L’avvenire affascina e spaventa. L’incapacità di controllarlo, ma anche lo spazio di azione esercitabile da ciascuno, crea aspettative e timori. Qual è la prospettiva di Dio?
Norel Iacob – Quando guardo i pulcini uscire dalle uova nel nido e iniziare a comportarsi istintivamente secondo la loro specie, penso a quello che potremmo comprendere a proposito di noi stessi, della specie umana, se avessimo la prospettiva di un osservatore tanto privilegiato.

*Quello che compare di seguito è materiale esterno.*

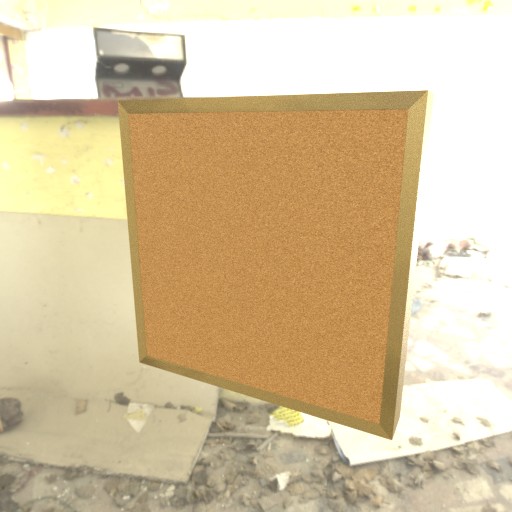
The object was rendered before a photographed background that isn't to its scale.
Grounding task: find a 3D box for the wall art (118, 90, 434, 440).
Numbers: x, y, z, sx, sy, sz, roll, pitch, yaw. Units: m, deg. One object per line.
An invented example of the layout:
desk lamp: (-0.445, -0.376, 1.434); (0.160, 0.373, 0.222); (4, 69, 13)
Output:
wall art: (0.000, 0.000, 0.451); (0.304, 0.305, 0.038); (8, 18, 26)
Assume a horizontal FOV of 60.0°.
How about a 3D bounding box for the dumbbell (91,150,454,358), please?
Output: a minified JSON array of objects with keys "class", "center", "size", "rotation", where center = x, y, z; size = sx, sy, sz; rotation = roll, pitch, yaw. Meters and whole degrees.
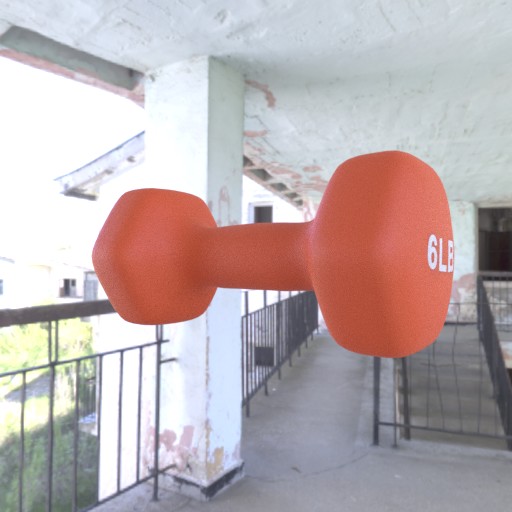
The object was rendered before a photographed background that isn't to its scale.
[{"class":"dumbbell","center":[0.000,0.000,0.202],"size":[0.162,0.071,0.079],"rotation":[-1,-1,38]}]
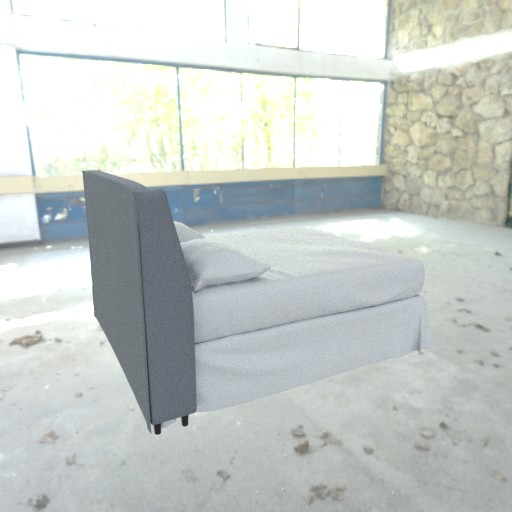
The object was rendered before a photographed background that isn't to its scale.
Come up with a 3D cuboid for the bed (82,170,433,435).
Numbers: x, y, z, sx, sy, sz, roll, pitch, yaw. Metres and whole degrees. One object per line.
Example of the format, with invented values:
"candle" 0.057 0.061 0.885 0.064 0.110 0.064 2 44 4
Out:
"bed" 0.000 0.000 3.504 2.276 1.332 1.925 -7 16 -27
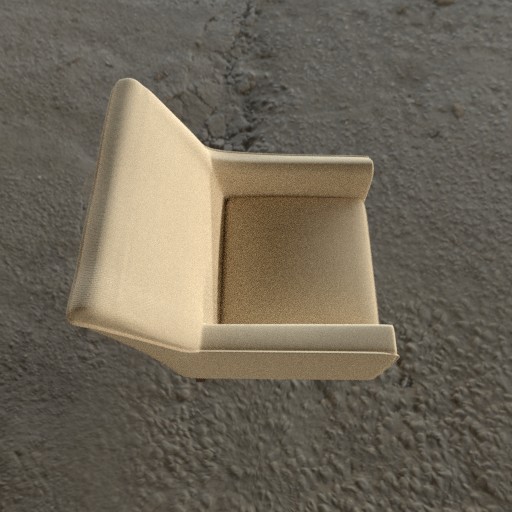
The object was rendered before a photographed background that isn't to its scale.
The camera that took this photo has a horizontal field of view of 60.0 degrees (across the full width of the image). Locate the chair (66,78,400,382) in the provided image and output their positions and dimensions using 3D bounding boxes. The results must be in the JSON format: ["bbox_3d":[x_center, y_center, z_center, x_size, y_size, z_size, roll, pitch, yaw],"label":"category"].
[{"bbox_3d":[0.000,0.000,1.591,0.899,0.919,0.780,0,64,0],"label":"chair"}]
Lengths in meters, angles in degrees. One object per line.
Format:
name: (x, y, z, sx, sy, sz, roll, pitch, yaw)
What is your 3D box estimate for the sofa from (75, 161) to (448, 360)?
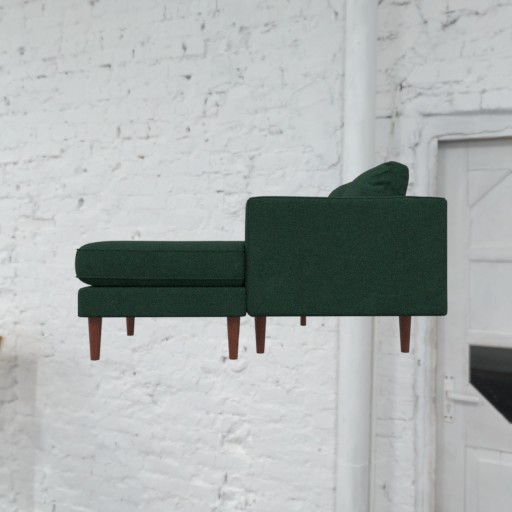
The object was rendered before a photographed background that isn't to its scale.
sofa: (0.000, 0.000, 2.852, 1.580, 0.899, 2.030, 0, 0, -1)
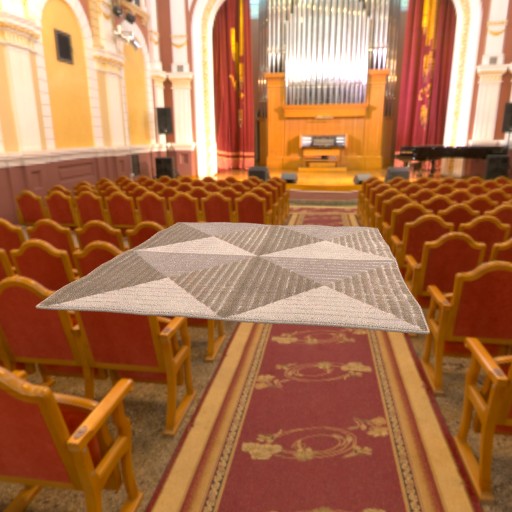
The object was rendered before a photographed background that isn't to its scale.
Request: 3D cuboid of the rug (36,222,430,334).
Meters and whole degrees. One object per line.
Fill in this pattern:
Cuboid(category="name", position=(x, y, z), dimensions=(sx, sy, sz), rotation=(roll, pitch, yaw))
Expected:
Cuboid(category="rug", position=(0.000, 0.000, 0.899), dimensions=(0.551, 0.008, 0.642), rotation=(2, 16, 9))
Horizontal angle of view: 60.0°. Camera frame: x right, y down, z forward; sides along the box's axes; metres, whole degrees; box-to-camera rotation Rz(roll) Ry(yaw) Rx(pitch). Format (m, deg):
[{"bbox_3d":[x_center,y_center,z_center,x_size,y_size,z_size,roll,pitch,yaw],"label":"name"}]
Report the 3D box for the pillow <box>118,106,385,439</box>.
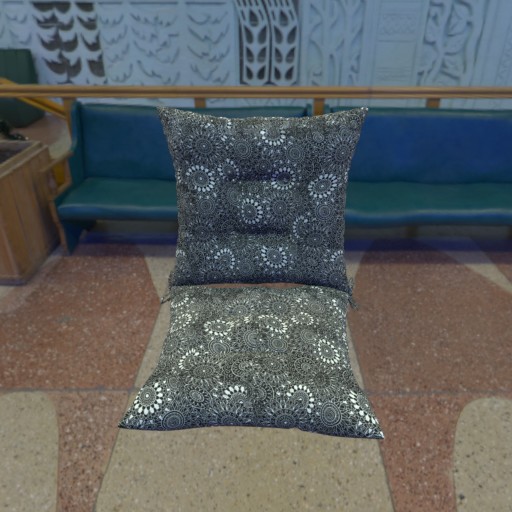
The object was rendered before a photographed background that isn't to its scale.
[{"bbox_3d":[0.000,0.000,0.970,0.541,0.536,0.585,1,30,2],"label":"pillow"}]
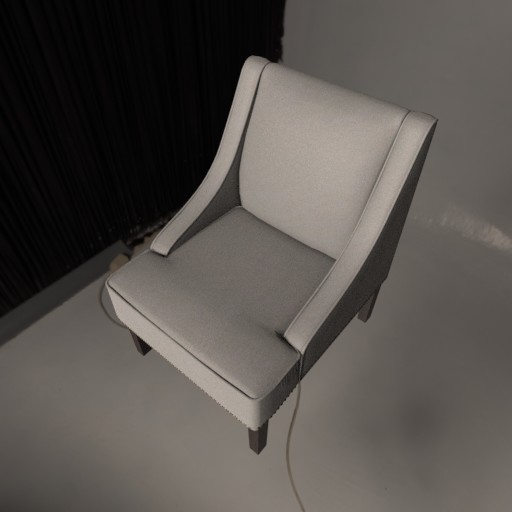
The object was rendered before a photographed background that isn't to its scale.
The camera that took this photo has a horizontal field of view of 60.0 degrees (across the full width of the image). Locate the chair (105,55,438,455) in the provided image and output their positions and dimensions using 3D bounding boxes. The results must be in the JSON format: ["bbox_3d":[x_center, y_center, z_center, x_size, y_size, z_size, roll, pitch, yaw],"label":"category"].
[{"bbox_3d":[0.000,0.000,1.387,0.631,0.867,0.747,31,54,26],"label":"chair"}]
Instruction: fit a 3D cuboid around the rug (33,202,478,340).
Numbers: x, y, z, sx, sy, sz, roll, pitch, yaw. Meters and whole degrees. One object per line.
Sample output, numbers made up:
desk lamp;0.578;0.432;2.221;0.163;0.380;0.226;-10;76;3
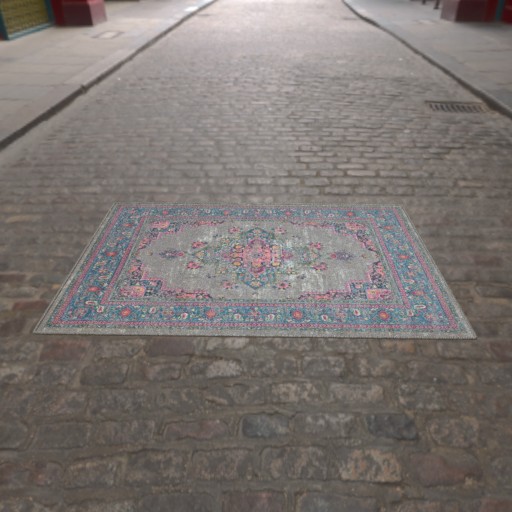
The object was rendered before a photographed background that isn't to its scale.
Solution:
rug;0.000;0.000;2.207;1.748;0.014;1.144;1;34;1
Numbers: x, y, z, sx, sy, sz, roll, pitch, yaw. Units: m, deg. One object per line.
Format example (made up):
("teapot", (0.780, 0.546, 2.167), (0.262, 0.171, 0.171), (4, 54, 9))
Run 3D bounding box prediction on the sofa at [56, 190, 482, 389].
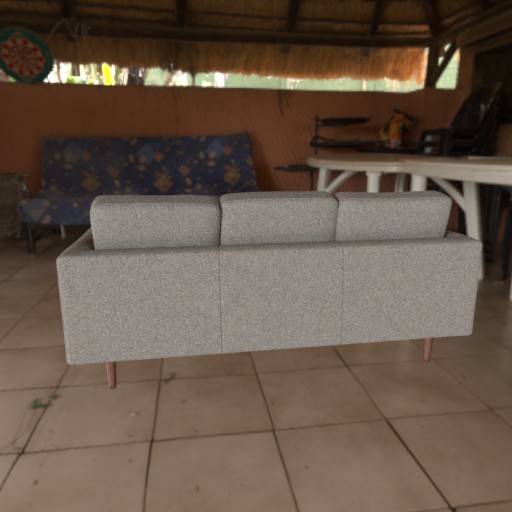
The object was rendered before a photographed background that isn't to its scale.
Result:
("sofa", (0.000, 0.000, 2.921), (2.055, 0.957, 1.667), (-2, 14, -9))
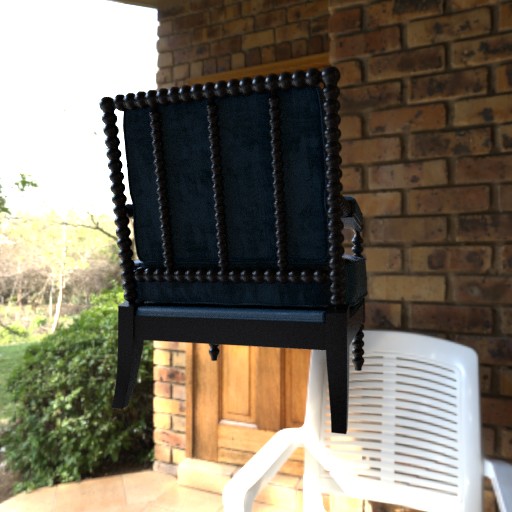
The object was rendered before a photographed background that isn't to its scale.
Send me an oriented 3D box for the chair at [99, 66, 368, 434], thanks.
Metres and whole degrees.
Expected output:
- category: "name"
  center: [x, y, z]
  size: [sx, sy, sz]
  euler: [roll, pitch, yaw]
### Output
- category: "chair"
  center: [0.000, 0.000, 1.449]
  size: [0.688, 0.857, 0.805]
  euler: [0, -1, 17]
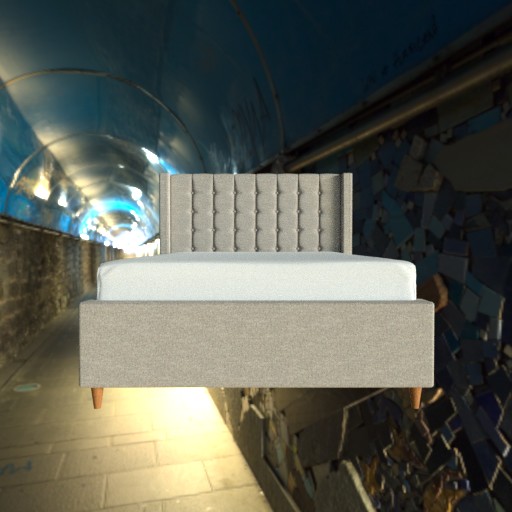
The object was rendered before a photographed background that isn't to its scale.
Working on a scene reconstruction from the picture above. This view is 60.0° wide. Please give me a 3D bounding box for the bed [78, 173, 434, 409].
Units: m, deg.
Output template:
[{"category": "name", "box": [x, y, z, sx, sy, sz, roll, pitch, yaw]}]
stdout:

Oltre ai comportamenti tipici dell’istinto di sopravvivenza, credo che a un certo punto saremmo affascinati dal modo in cui gli esseri umani sono ammaliati dalla prospettiva del futuro. Dal momento in cui l’idea dell’avvenire entra nella nostra vita, forse attraverso l’attesa del compimento della prima promessa dei nostri genitori, il futuro prende sempre più il sopravvento sulla nostra visione. Infatti, più ci allontaniamo da un’esistenza guidata dall’istinto di sopravvivenza, più ci istruiamo, più siamo incantati e, a un certo punto, diventiamo più dipendenti dal futuro.
Nonostante le ripetute rivoluzioni edonistiche, il fascino dell’avvenire ha un magnetismo che supera i piaceri del presente. Lavoriamo per il futuro, pianifichiamo per esso, risparmiamo per esperienze che verranno, ci consoliamo anticipandolo. Dall’altro lato della bilancia, quando rinunciamo al futuro, rinunciamo a noi stessi…
In altre parole, mentre di solito ci viene consigliato di essere cauti riguardo all’impatto del presente sul nostro futuro, dovremmo essere almeno altrettanto preoccupati dell’effetto del futuro sul nostro presente. Tutti noi ci rendiamo conto, in misura maggiore o minore, che il futuro che cerchiamo di plasmare nel presente, modella a sua volta il nostro presente. Questo paradosso mantiene il futuro in uno stato di costante trasformazione ontologica nelle nostre menti. Dal momento che non possiamo assolutamente né influenzarlo né prevederlo con precisione, probabilmente non saremo mai in grado di stabilire in questa vita la formula della nostra rappresentazione mentale del futuro. L’avvenire rimarrà il campo di gioco in cui determinismo e libero arbitrio continueranno ad aggrovigliare la nostra comprensione. Un gomitolo che dipana impossibilità e probabilità in un numero infinito di modi.
A volte, il futuro ci appare solido e immutabile come una roccia, in altre come un terreno sabbioso che prende forma alla luce delle scelte che compiamo in ogni istante. Se guardiamo al futuro come all’effetto di cause già presenti, possiamo vedere l’ordine ma anche il fatalismo della vita. Se vediamo l’avvenire come il risultato delle nostre libere scelte, diventa un orizzonte, una frontiera affascinante oltre la quale tutto è possibile: i sogni più incredibili e gli incubi più terribili. All’incrocio di queste prospettive, l’incertezza del futuro non è eliminata nemmeno dalle previsioni dei testi sacri della Bibbia. La profezia biblica non è una soluzione alla nostra volontà di addomesticare il futuro, ma un mezzo creativo di comunicazione tra Dio e l’umanità, il cui scopo è salvifico e educativo.
Ed ecco il nostro compito per la vita: imparare sul futuro, facendo pace con il pensiero che non sapremo mai quanto ci siamo avvicinati alla migliore comprensione possibile. Il tempo che verrà continuerà a rappresentare la presenza più reale e allo stesso tempo irreale nel nostro vissuto, l’impulso più visibile e invisibile ad agire in modi che a volte sono inimmaginabili per gli altri, o anche per noi stessi.
In tutto questo mistero, ce n’è un altro che allevia la nostra angoscia. Non sappiamo come (anche se abbiamo varie teorie al riguardo), ma crediamo che Dio abbia domato il futuro. Non conosciamo come, ma per Dio l’avvenire non è un mistero o una nebbia in cui vivere per l’eternità. E la sua cura per noi ci fa credere che non siamo soli di fronte all’ignoto, che non possiamo esplorare oltre un certo limite. Quando abbiamo raggiunto l’estremo punto delle nostre forze, c’è ancora una possibilità: chiudere gli occhi e tendere le mani. Qualcuno è pronto a portarci oltre. Qualcuno che guarda ciò che noi non vediamo.